The difference between the criminal intent, or scienter, exception and the common plan exception to the rule generally excluding other crimes evidence is subtle but important to maintain. Criminal intent or scienter is always one of the essential elements of the crime sought to be proved, or if not technically an element, at least a state of mind without which there can be no crime. The rule as stated by Justice Ervin in State v. McClain, 240 N.C. 171, 175, 81 S.E. 2d 364, 366 (1954) makes this clear:

“2. Where a specific mental intent or state is an essential element of the crime charged, evidence may be offered of such acts or declarations of the accused as tend to establish the requisite mental intent or state, even though the evidence discloses the commission of another offense by the accused. [Citations omitted.]” (Emphasis supplied.)

This criminal intent consequently is always one of the ultimate facts sought to be proved by the state. It is not a fact from which other facts such as overt acts of the defendant may be inferred. Indeed the question of intent does not arise really until some overt act which could constitute the crime is proven. A plan or design to commit a crime, on the other hand, like criminal intent, may exist in the mind of the defendant; but it is not a mental state which is a sine qua non of the crime. It is not an ultimate fact sought to be proved by the state. It is a mere evidentiary fact which, if properly established, may tend to prove the crime.

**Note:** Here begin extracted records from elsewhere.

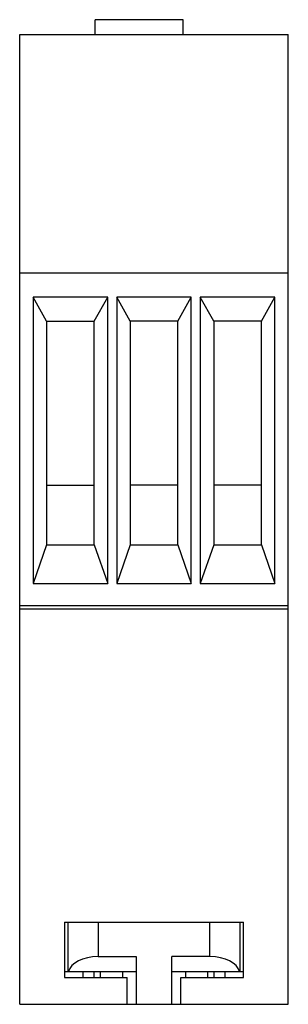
# Model space of a CAD drawing. Header units: millimetres. Extents: x 19.4 to 37.4, y 6.3 to 72.3.
import ezdxf

# ---------------------------------------------------------------- set-up
doc = ezdxf.new("R2010")
doc.units = ezdxf.units.MM
doc.header["$LTSCALE"] = 5.094081
doc.layers.get('0').update_dxf_attribs({"linetype": 'CONTINUOUS'})

msp = doc.modelspace()

# ---------------------------------------------------------------- linework, layer by layer
at = {"color": 7, "linetype": 'Continuous'}
for p, q in [((24.443, 71.265), (24.443, 72.265)), ((30.343, 72.265), (24.443, 72.265)), ((30.343, 71.265), (30.343, 72.265)), ((19.393, 6.265), (19.393, 71.265)), ((19.393, 71.265), (37.393, 71.265)), ((37.393, 6.265), (37.393, 71.265)), ((37.393, 55.265), (19.393, 55.265)), ((20.293, 53.665), (20.293, 34.465)), ((21.193, 52.065), (20.293, 53.665)), ((25.293, 53.665), (20.293, 53.665)), ((24.393, 52.065), (25.293, 53.665)), ((25.293, 34.465), (25.293, 53.665)), ((25.893, 53.665), (25.893, 34.465)), ((26.793, 52.065), (25.893, 53.665)), ((30.893, 53.665), (25.893, 53.665)), ((29.993, 52.065), (30.893, 53.665)), ((30.893, 34.465), (30.893, 53.665)), ((31.493, 53.665), (31.493, 34.465)), ((32.393, 52.065), (31.493, 53.665)), ((36.493, 53.665), (31.493, 53.665)), ((35.593, 52.065), (36.493, 53.665)), ((36.493, 34.465), (36.493, 53.665)), ((21.193, 52.065), (21.193, 37.065)), ((21.193, 52.065), (24.393, 52.065)), ((24.393, 37.065), (24.393, 52.065)), ((26.793, 52.065), (26.793, 37.065)), ((29.993, 52.065), (26.793, 52.065)), ((29.993, 37.065), (29.993, 52.065)), ((32.393, 52.065), (32.393, 37.065)), ((35.593, 52.065), (32.393, 52.065)), ((35.593, 37.065), (35.593, 52.065)), ((21.193, 41.065), (24.393, 41.065)), ((29.993, 41.065), (26.793, 41.065)), ((35.593, 41.065), (32.393, 41.065)), ((21.193, 37.065), (20.293, 34.465)), ((21.193, 37.065), (24.393, 37.065)), ((24.393, 37.065), (25.293, 34.465)), ((26.793, 37.065), (25.893, 34.465)), ((26.793, 37.065), (29.993, 37.065)), ((29.993, 37.065), (30.893, 34.465)), ((32.393, 37.065), (31.493, 34.465)), ((32.393, 37.065), (35.593, 37.065)), ((35.593, 37.065), (36.493, 34.465)), ((20.293, 34.465), (25.293, 34.465)), ((25.893, 34.465), (30.893, 34.465)), ((31.493, 34.465), (36.493, 34.465)), ((37.393, 32.965), (19.393, 32.965)), ((19.393, 32.765), (37.393, 32.765)), ((22.393, 11.765), (34.393, 11.765)), ((22.393, 11.765), (22.393, 8.065)), ((22.643, 8.465), (22.643, 11.765)), ((24.643, 11.765), (24.643, 9.465)), ((32.143, 9.465), (32.143, 11.765)), ((34.143, 11.765), (34.143, 8.465)), ((34.393, 8.065), (34.393, 11.765)), ((24.643, 9.465), (27.193, 9.465)), ((27.193, 9.465), (27.193, 6.265)), ((32.143, 9.465), (29.593, 9.465)), ((29.593, 6.265), (29.593, 9.465)), ((22.393, 8.465), (27.193, 8.465)), ((22.393, 8.065), (26.593, 8.065)), ((23.643, 8.065), (23.643, 8.465)), ((24.367, 8.465), (24.367, 8.065)), ((24.811, 8.065), (24.811, 8.465)), ((26.293, 8.465), (26.293, 8.065)), ((26.593, 6.265), (26.593, 8.065)), ((29.593, 8.465), (34.125, 8.465)), ((30.193, 8.065), (34.393, 8.065)), ((30.193, 6.265), (30.193, 8.065)), ((30.493, 8.465), (30.493, 8.065)), ((31.976, 8.465), (31.976, 8.065)), ((32.42, 8.065), (32.42, 8.465)), ((33.143, 8.465), (33.143, 8.065)), ((34.143, 8.465), (34.393, 8.465)), ((19.393, 6.265), (37.393, 6.265))]:
    msp.add_line(p, q, dxfattribs=at)
for centre, start_param, end_param in [((24.643, 8.311), 1.570796, 3.007214), ((32.143, 8.311), 0.134379, 1.570796)]:
    msp.add_ellipse(centre, major_axis=(2, 0), ratio=0.57735, start_param=start_param, end_param=end_param, dxfattribs=at)

doc.saveas('drawing.dxf')

Neither do I believe the evidence is admissible on the question of identity. Evidence of other crimes offered for this purpose is admissible “[w]here the accused is not definitely identified as the perpetrator of the crime charged and the circumstances tend to show that the crime charged and another offense were committed by the same person . . . . ” State v. McClain, supra, 240 N.C. at 175, 81 S.E. 2d at 367. (Emphasis supplied.) This, of course, is not a case where the accused is *668not definitely identified. There was no real issue regarding defendant’s identity except that raised theoretically by his plea of not guilty. The state’s evidence clearly and unequivocally identified him as the perpetrator of the homicide. Defendant offered no evidence to the contrary. Compare State v. Grace, 287 N.C. 243, 213 S.E. 2d 717 (1975), where the defense was alibi; State v. Tuggle, supra, where defendant expressly denied his participation in the robbery; State v. McClain, 282 N.C. 357, 193 S.E. 2d 108 (1972), where identification of defendant was a key factual issue; and State v. Thompson, supra, 290 N.C. at 441, 226 S.E. 2d at 493, where “[t]he crucial issue in the trial was . . . whether defendant . . . was one of the two men who participated in the crime.” The Iowa Supreme Court has aptly observed in State v. Wright, 191 N.W. 2d 638, 640 (Iowa 1971) :

“There must be some factual issue raised to permit evidence of other crimes under the noted exceptions. If no such issue exists, then the evidence is unnecessary and the exception may not be relied upon. . . . Here the defendant presented no evidence, and the State’s theory posed an uncomplicated factual situation for jury determination. . . . There is no real issue ... to justify the admission of testimony of other crimes, nor can it be seriously argued that the evidence was admissible to prove identity.”

For these reasons I would hold that admitting the evidence in this case of the 8 February robbery was improper, highly prejudicial, and entitles defendant to a new trial.